## Model Training and Evaluation

After preprocessing the data and saving it to a CSV file, the next step is to build and evaluate various machine learning models. This section outlines the approach for model training, evaluation, and feature importance analysis, ensuring we achieve the best model for predicting insurance claims.

### Objectives
The main objectives of this report are to:
- Document the complete process of training, evaluating, and interpreting machine learning models for predicting car insurance claims.
- Utilize the preprocessed dataset to train various models.
- Evaluate each model based on relevant metrics to identify the best-performing one.
- Conduct SHAP (SHapley Additive exPlanations) analysis to explain feature importance and model predictions.

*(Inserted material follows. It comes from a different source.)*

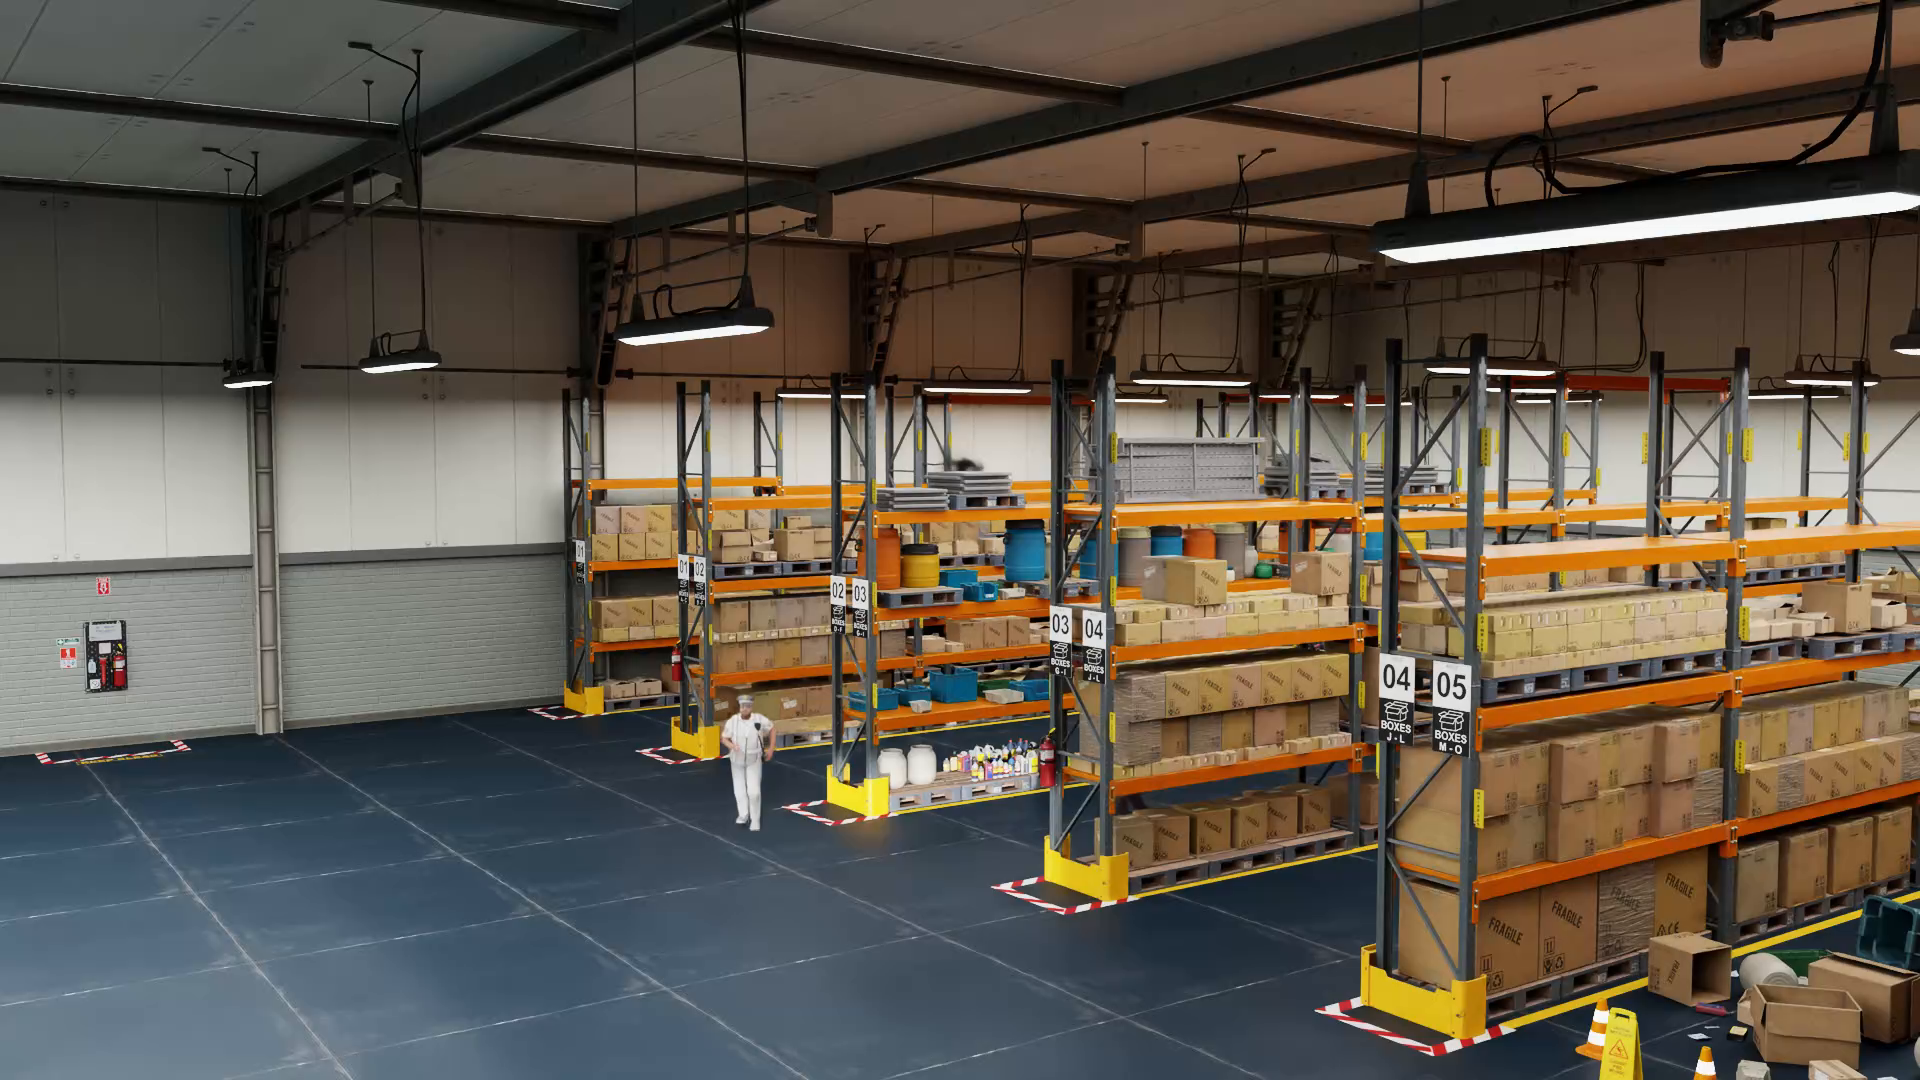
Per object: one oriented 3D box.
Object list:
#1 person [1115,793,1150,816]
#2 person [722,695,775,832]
[{"bbox_3d":[2.166,2.919,21.391,0.828,1.777,0.658,-2,4,-33],"label":"person"},{"bbox_3d":[-2.758,2.920,21.643,0.679,1.853,0.752,0,4,-1],"label":"person"}]

### Model Training Approach
1. **Data Preparation**: Load the preprocessed dataset and split it into training and testing sets.
2. **Model Selection**: Choose various machine learning algorithms (e.g., Linear Regression, Random Forest, Gradient Boosting).
3. **Training**: Fit the models on the training set.
4. **Evaluation**: Assess model performance using metrics such as MAE, RMSE, R², and accuracy.
5. **Feature Importance**: Use SHAP analysis to interpret model outputs and understand the impact of different features on predictions.

### Conclusion
This comprehensive approach ensures that we not only find the most effective model for predicting insurance claims but also understand the underlying factors that influence these predictions.

In [17]:
# Import necessary libraries
import pandas as pd
import matplotlib.pyplot as plt
import seaborn as sns
from sklearn.model_selection import train_test_split
from sklearn.linear_model import LinearRegression
from sklearn.metrics import mean_squared_error, r2_score
from sklearn.tree import DecisionTreeRegressor
from sklearn.ensemble import RandomForestRegressor
import xgboost as xgb  # Ensure XGBoost is installed for advanced gradient boosting
import os
import sys

In [18]:
# Add the 'scripts' directory to the Python path for module imports
sys.path.append(os.path.abspath(os.path.join('..', 'scripts')))

In [19]:
# Set options for pandas to display more columns and rows
pd.set_option('display.max_columns', 200)
pd.set_option('display.max_rows', 200)

In [20]:
# Suppress warnings for cleaner output
import warnings
warnings.filterwarnings("ignore", message="")

In [21]:
# Load the preprocessed data from CSV file
df = pd.read_csv('../data/preprocessed_data.csv')
print("Data loaded successfully.")

Data loaded successfully.